И опять дедушка засмеется.
Сам не знает почему, а рад Витька, как дедушка барина победил. У, барин, барин, а штанов-то нет! Вот висит на стене — можно ему язык показать…
— Вставай, вставай, учитель скоро придет, а ты вылеживаешься, бесстыдник!
Витька поглубже в подушки, в перину, подальше под одеяло — и холодом повеяло на Витькины ноги, за шиворот.
— Вставай!
И за руку. И за плечи. И целует в шею. Ух, эта бабушка! Ворчит и целует.
Фимка уже мелькает везде. И тоже, будто бабушка, ворчит, смеется.
— Невесты в училищу поехали, а жених еще храпит.
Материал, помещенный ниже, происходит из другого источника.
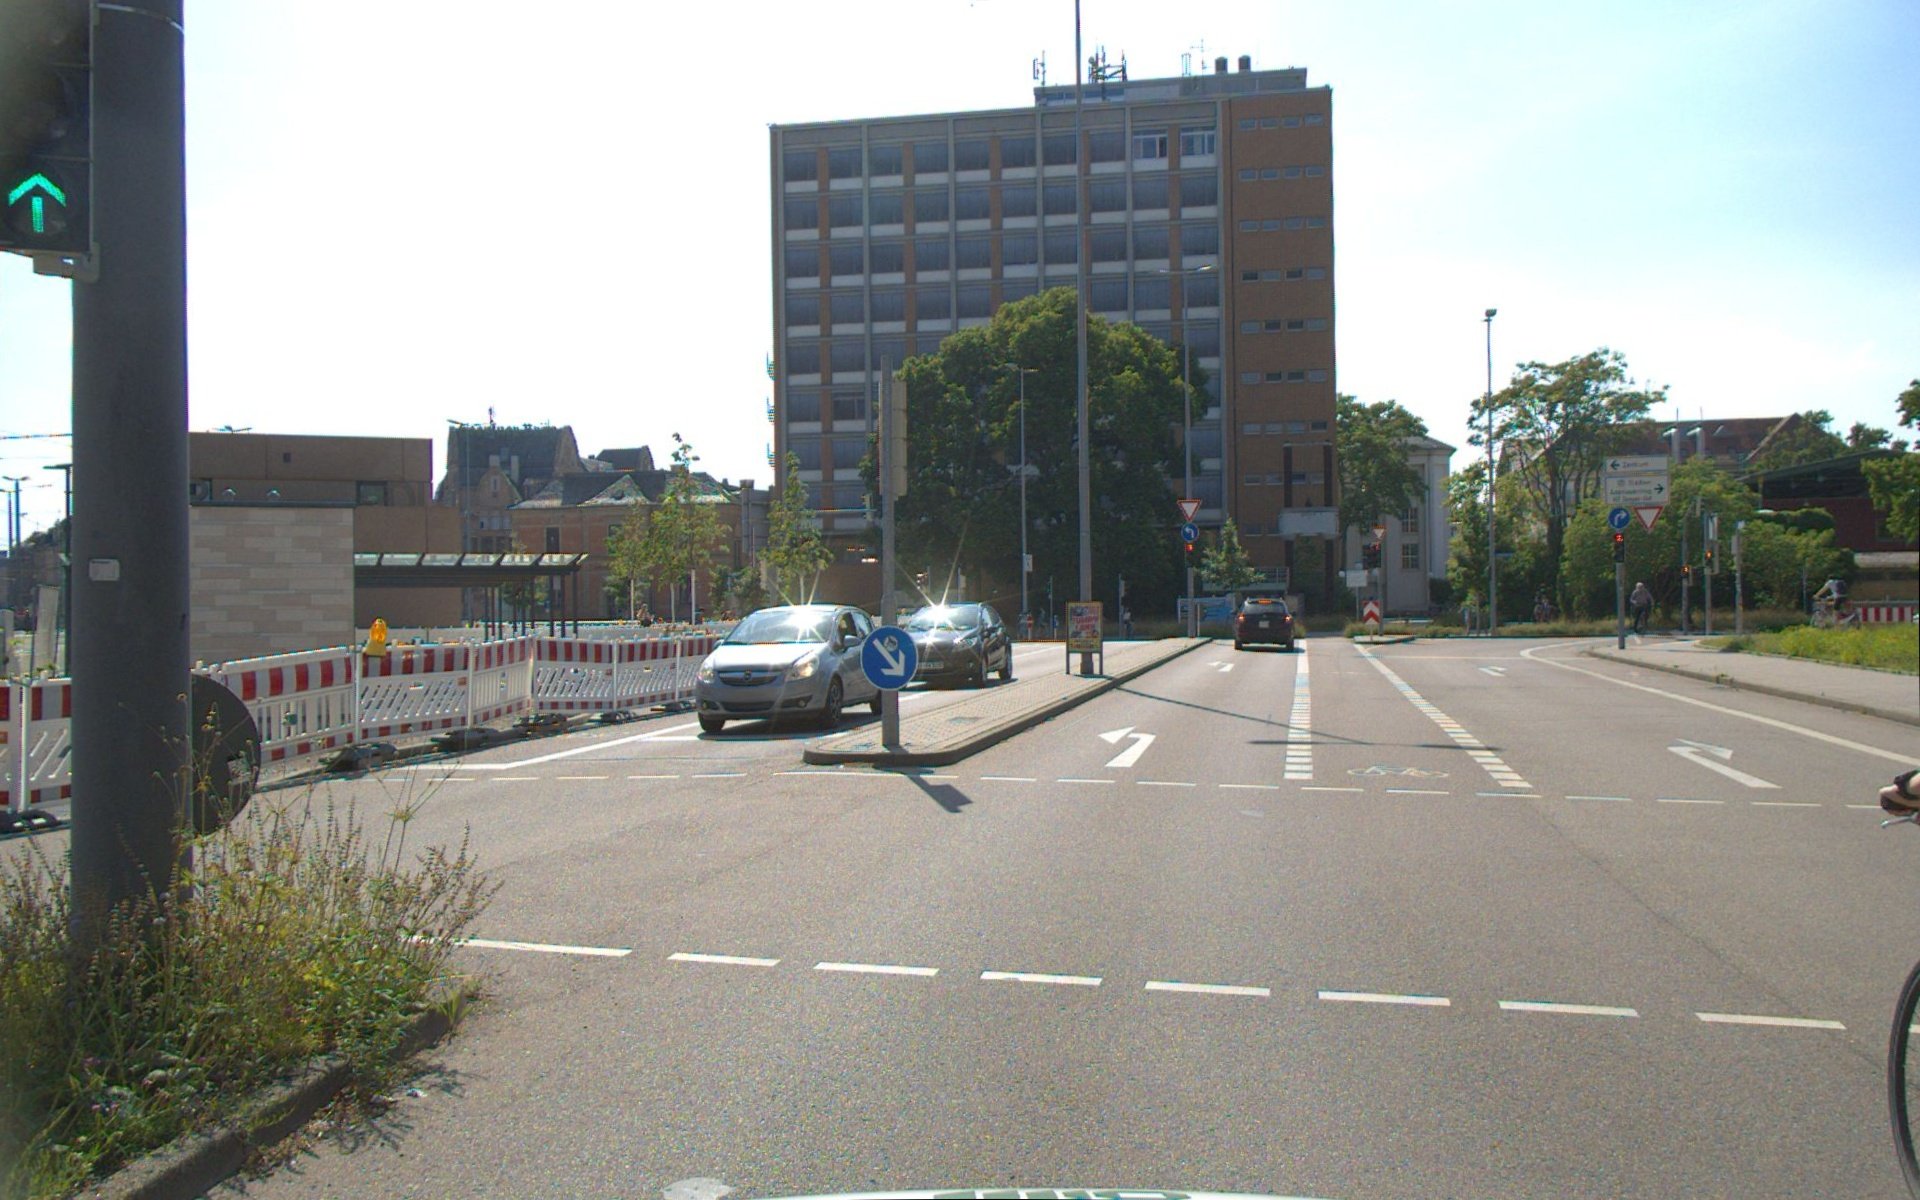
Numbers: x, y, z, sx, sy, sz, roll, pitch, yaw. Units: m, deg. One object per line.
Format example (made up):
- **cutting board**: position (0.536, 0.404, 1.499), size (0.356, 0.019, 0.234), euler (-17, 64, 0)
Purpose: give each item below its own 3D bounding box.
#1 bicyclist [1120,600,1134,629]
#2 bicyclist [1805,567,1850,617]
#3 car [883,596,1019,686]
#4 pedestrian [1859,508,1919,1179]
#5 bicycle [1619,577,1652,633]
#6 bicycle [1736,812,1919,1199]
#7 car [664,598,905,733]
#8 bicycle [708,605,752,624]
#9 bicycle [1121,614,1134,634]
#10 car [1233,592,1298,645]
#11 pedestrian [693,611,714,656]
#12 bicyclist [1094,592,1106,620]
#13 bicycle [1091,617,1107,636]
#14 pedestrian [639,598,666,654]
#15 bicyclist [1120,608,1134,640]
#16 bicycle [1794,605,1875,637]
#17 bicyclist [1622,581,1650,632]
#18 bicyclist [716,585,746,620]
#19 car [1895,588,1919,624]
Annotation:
- **bicyclist**: position (8.675, 0.751, 85.957), size (0.605, 1.468, 0.921), euler (-4, -1, 7)
- **bicyclist**: position (26.258, -0.230, 50.060), size (0.489, 1.496, 1.131), euler (2, -1, -30)
- **car**: position (-0.091, 0.691, 29.843), size (1.630, 1.476, 3.821), euler (-2, 0, 12)
- **pedestrian**: position (2.421, 0.540, 3.413), size (0.571, 1.492, 1.013), euler (0, -1, -1)
- **bicycle**: position (22.510, 0.164, 55.120), size (0.663, 1.796, 1.812), euler (-2, 0, 12)
- **bicycle**: position (2.436, 1.053, 3.547), size (0.584, 0.948, 2.028), euler (0, 0, 0)
- **car**: position (-2.056, 0.743, 20.577), size (1.755, 1.436, 4.003), euler (-3, 0, 12)
- **bicycle**: position (-9.969, 0.624, 71.608), size (1.852, 0.806, 0.560), euler (-1, 1, 25)
- **bicycle**: position (8.704, 1.262, 85.949), size (0.605, 0.977, 1.969), euler (-4, -1, 7)
- **car**: position (8.965, 0.523, 48.401), size (1.742, 1.468, 3.821), euler (1, 0, 12)
- **pedestrian**: position (-8.732, 1.130, 56.309), size (0.618, 1.518, 0.616), euler (-1, 0, -4)
- **bicyclist**: position (7.510, 0.331, 88.777), size (0.528, 1.441, 1.031), euler (-2, -1, 10)
- **bicycle**: position (7.471, 1.407, 88.755), size (0.689, 0.994, 2.032), euler (-2, 0, 10)
- **pedestrian**: position (-10.184, 0.869, 54.842), size (0.721, 1.783, 1.110), euler (-1, -3, -4)
- **bicyclist**: position (8.704, 1.262, 85.949), size (0.605, 1.609, 1.014), euler (-4, -1, 7)
- **bicycle**: position (26.382, 0.626, 49.933), size (0.665, 0.932, 2.146), euler (-1, 0, -30)
- **bicyclist**: position (22.535, 0.206, 55.157), size (0.663, 1.684, 0.919), euler (-2, 0, 12)
- **bicyclist**: position (-9.906, 0.109, 71.582), size (1.142, 1.500, 0.564), euler (-2, 0, 24)
- **car**: position (41.898, 0.204, 69.693), size (3.902, 1.490, 2.001), euler (-1, -1, 12)

— Я не храплю, — сердито говорит Витька.
— Ночью-то, верно, не храпишь, а утром обязательно храпишь.
— Врешь ты!
Витька поднимается, сердито смотрит на Фимку. У Фимки лицо розовое, большое, веселое, как солнышко, и зубы белые блестят, словно кусочки сахару, щипчиками нащипанные. Витька одевается, будто недовольный, а бабушка улыбается, Фимка улыбается, солнышко улыбается, — сам не смеялся бы, да нельзя.